Since you can find a 5D MK III for about $2400, I'd go for it. The 7D is a good camera, but I'd go for a identical camera to what you have.


----------



## Ryan85 (Nov 24, 2014)

Thanks for the reply. I'm leaning towards that. 2400.00? Are we talking for a used, refurb, ebay, canon price watch or? I haven't seen them that low. I've always purchased my gear through b&h or the local best buy or camera shop in town. Do you feel confertable buying through the options I mentioned above buying gear?


----------



## Mt Spokane Photography (Nov 24, 2014)

Ryan85 said:


> Thanks for the reply. I'm leaning towards that. 2400.00? Are we talking for a used, refurb, ebay, canon price watch or? I haven't seen them that low. I've always purchased my gear through b&h or the local best buy or camera shop in town. Do you feel confertable buying through the options I mentioned above buying gear?


 
I always buy from a reputable seller. B&H, Adorama, Hometown Dealers, etc. There are good dealers selling on ebay as well as bad ones. The Canon price watch deal is a referral to a authorized Canon Dealer, often one you would buy from in any event, so yes, I'd do that.

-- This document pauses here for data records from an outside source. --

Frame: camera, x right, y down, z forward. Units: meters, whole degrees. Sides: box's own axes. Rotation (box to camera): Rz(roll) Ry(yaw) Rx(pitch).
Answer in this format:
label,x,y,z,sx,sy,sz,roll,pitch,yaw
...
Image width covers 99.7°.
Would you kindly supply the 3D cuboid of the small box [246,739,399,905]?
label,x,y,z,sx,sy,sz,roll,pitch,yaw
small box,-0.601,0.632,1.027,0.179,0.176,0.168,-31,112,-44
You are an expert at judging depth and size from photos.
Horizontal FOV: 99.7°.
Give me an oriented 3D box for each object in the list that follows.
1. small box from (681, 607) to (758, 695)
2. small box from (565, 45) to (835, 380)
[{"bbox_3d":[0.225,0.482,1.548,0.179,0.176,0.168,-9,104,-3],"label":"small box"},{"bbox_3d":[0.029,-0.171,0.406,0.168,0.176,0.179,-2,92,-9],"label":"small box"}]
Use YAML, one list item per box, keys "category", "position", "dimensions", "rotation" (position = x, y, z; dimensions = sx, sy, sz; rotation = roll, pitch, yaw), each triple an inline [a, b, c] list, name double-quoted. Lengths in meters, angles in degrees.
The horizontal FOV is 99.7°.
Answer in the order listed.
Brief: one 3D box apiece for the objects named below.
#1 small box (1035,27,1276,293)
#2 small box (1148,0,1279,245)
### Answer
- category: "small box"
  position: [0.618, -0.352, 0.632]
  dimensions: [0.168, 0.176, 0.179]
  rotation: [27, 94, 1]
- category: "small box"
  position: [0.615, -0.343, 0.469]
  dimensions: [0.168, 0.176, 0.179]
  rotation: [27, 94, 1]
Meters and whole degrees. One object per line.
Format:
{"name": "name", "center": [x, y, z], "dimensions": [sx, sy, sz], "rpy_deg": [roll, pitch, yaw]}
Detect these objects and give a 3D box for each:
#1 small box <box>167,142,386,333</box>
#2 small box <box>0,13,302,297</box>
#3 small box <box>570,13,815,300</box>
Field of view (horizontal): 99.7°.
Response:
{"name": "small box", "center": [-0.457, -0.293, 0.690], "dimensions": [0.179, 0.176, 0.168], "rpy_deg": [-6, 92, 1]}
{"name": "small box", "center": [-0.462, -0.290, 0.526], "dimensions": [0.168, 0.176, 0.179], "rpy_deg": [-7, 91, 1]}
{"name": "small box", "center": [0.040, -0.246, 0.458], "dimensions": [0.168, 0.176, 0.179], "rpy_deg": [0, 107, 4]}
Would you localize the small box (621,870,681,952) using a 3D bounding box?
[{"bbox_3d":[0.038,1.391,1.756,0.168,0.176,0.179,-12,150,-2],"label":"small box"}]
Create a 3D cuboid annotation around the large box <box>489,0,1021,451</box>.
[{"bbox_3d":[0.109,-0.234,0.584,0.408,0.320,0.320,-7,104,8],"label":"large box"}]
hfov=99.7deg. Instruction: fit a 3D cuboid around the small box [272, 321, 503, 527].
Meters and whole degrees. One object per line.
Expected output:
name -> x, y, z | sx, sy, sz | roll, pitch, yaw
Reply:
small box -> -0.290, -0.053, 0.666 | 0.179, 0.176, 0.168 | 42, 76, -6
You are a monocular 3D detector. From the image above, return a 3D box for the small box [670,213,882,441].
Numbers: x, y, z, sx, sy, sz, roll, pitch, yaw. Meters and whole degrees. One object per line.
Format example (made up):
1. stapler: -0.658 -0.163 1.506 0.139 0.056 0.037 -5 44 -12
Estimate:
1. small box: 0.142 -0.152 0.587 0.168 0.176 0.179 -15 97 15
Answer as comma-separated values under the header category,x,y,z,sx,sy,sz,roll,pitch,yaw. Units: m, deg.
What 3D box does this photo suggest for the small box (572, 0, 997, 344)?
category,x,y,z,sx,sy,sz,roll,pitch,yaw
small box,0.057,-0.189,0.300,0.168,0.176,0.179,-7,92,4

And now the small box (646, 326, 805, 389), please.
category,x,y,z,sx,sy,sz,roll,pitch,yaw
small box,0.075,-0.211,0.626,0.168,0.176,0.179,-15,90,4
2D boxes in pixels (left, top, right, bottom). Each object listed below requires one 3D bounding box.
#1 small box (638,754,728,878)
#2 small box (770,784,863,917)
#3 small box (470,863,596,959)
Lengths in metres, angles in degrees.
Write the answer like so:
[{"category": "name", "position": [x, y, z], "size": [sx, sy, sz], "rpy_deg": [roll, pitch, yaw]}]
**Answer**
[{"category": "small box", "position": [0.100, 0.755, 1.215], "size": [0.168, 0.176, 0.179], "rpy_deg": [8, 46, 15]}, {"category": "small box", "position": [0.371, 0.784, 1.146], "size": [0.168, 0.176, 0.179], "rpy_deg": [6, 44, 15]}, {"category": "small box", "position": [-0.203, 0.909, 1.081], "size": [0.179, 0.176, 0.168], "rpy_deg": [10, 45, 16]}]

I bought my 5D MK III over two years ago on ebay from Adorama, I paid $2750 and got $50 ebay bucks that bought a spare battery, also from Adorama.

If you want a deal, signup at CPW, set your price, and they will send you a e-mail if or when the price drops. There will be a lot of very short special deals as the holidays approach, and dealers panic about getting caught with too much stock, or meeting their bills. I see it every year. 

Know what you want, and jump. There has already been a $200 off sale on the 7D MK II, for example.


----------



## Freddie (Nov 24, 2014)

*Canon Direct Online Store Refurbished Cameras and Lenses*

The price watch site for Canon Direct is here: http://www.canonpricewatch.com/canon-refurb-stock-tracker/

The Canon Direct Site for refurbished cameras is here: http://shop.usa.canon.com/shop/en/catalog/cameras/refurbished-eos-digital-slr-cameras

The 5D Mark III is currently $2,719.20 but they have sales all the time with discounts up to 20% at times. That's how I bought my 5D Mark III many months ago for under $2400.

Use the price watch site for in-stock situations and sales summaries.
Fred


----------



## Don Haines (Nov 24, 2014)

Ryan85 said:


> Hi,
> I currently shoot a 5diii. This year I started shooting my first paid shoots. I did 4 weddings, senior pictures and family portriats. I'll be doing the same over the next several years plus some sports, stock, wildlife and landscapes/fine art trying to make a career from photography. I enjoy doing weddings, portriats and really all types of photography. However my favorite is travel, wildlife and landscapes. So my question is I'm going to get a second body to shoot in case the 5diii fails or I want to use 2 bodies so I'm not switching lenses as much and I'm not sure if I should go with the 7dii or save for a second 5diii or possibly a high mp body hopefully released in the future. I love the 5diii it's just extremely spendy for a second one while I'm starting out and on a budget. I thought about the 6d but I really like having 2 card slots in case of a memory card failure and I prefer the layout of the 5diii more. I thought the 7dii would be nice for some extra reach but I'm not sure how it'd do shooting weddings and portriats compared to the 5diii. Also having a 24-70 on the ff and the 70-200 on the crop sensor might not be great for weddings in low light and loosing depth of field. So any advice and thoughts would be appreciated! Thanks you.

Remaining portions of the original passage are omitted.